Cass. crim., 19 avr. 2017, n° 16-80695
Le délit de risques causés à autrui, incriminé à l’article 223-1 du Code pénal, est souvent appréhendé à travers la singularité de son élément intentionnel. Mais c’est par une analyse de sa matérialité que la chambre criminelle de la Cour de cassation parvient à une solution originale dans cet arrêt du 19 avril 2017 : la condamnation d’une société à raison de l’exposition de salariés à un risque de contamination par l’amiante.

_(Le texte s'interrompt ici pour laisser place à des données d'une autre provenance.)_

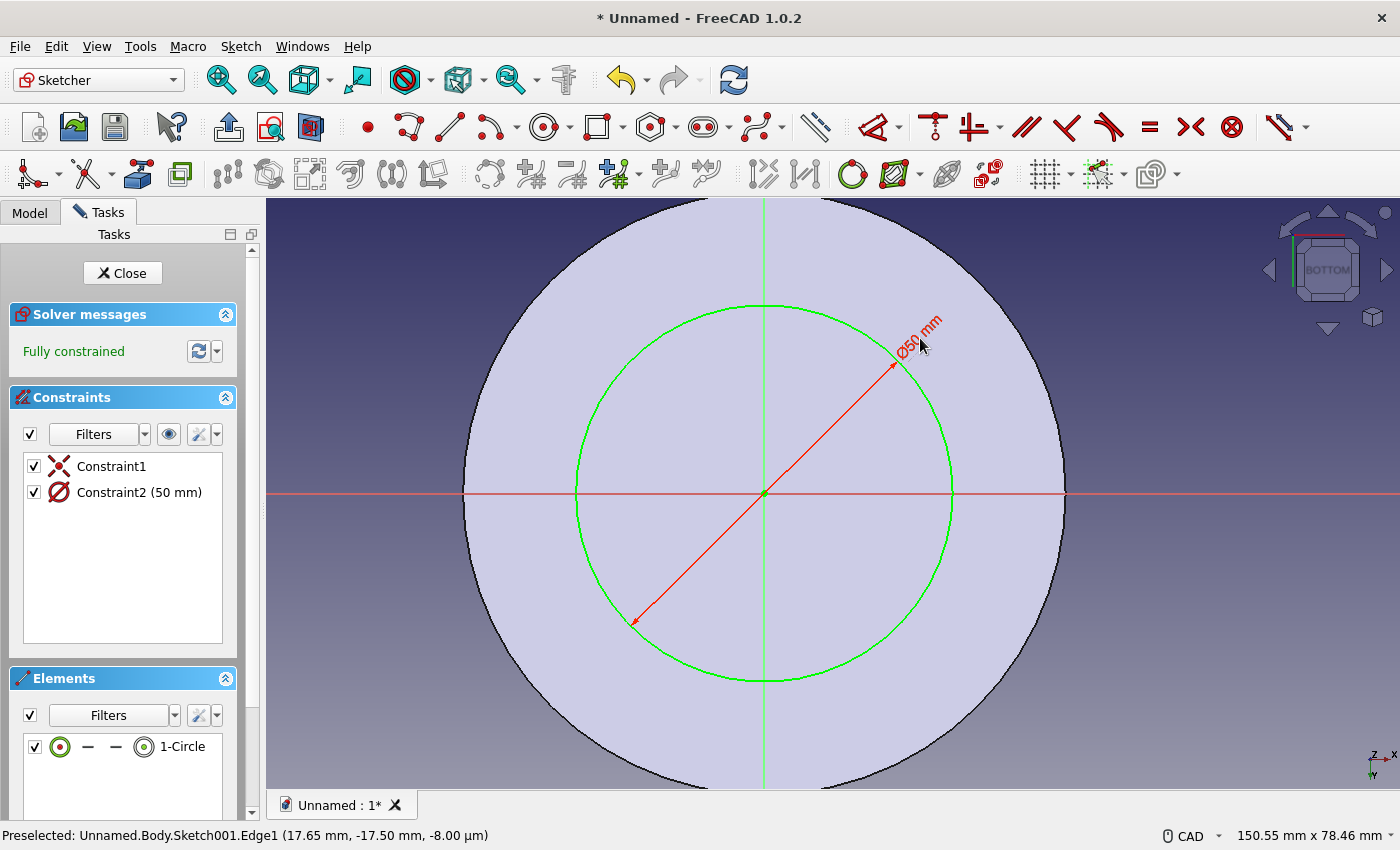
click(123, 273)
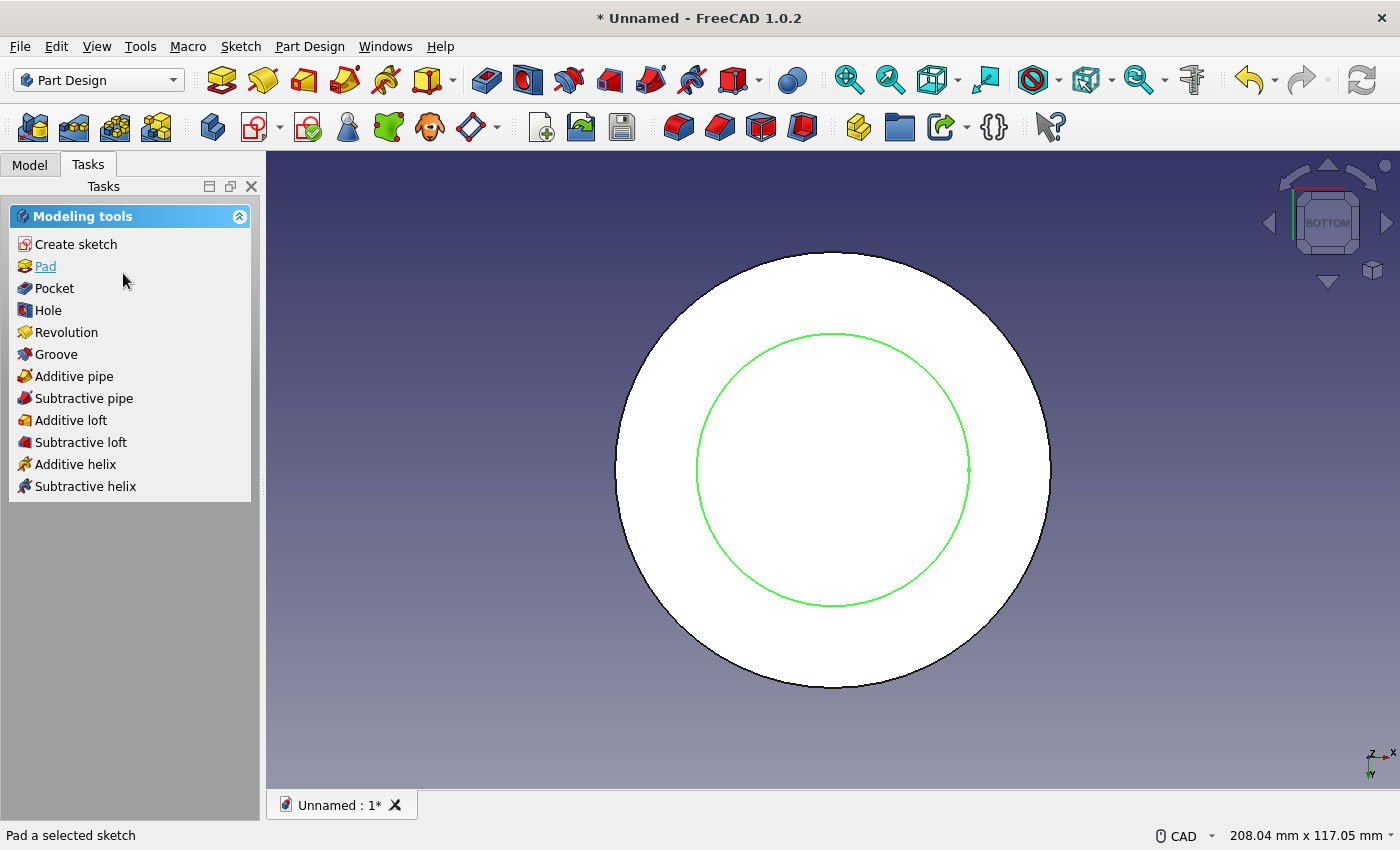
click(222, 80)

En l’espèce, une visite d’inspection du travail sur un chantier avait mis en évidence des violations d’obligations de sécurité liées à l’exposition des salariés à l’amiante. L’entreprise de construction et son directeur d’exploitation furent poursuivis sur le fondement de différentes incriminations, dont celle de mise en danger de la vie d’autrui. Infirmant sur ce point la solution du tribunal correctionnel, la cour d’appel de Bastia condamna les prévenus, se fondant notamment sur la violation de leur obligation[...]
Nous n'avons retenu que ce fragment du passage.